### Your objective
How many lines in the data below contain the word "maximum"? State only the number.

(Stored items from a collection)
>>>

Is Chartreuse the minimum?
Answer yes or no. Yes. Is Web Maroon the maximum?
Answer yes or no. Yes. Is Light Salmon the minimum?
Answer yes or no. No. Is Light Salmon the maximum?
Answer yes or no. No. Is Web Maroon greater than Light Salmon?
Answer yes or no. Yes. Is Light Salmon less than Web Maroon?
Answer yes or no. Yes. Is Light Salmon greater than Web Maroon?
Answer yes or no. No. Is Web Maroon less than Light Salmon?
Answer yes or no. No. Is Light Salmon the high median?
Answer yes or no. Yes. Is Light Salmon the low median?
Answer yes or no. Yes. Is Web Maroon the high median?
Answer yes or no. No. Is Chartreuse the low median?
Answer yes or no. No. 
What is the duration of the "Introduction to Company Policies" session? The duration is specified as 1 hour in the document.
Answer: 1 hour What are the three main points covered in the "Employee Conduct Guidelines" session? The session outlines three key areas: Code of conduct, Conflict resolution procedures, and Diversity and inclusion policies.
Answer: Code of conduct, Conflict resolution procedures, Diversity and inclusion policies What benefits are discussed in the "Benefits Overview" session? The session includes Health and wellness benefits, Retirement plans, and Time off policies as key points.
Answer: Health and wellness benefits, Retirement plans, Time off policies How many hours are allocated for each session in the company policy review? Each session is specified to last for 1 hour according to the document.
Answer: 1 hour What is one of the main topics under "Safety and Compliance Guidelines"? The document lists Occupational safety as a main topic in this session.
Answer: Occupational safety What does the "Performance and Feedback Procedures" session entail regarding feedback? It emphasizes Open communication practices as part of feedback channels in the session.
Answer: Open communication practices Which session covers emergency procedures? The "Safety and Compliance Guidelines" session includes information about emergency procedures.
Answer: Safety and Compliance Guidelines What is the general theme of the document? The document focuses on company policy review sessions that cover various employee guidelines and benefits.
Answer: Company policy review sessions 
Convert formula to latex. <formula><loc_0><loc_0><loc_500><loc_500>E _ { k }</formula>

<<<

### Solution for this problem
2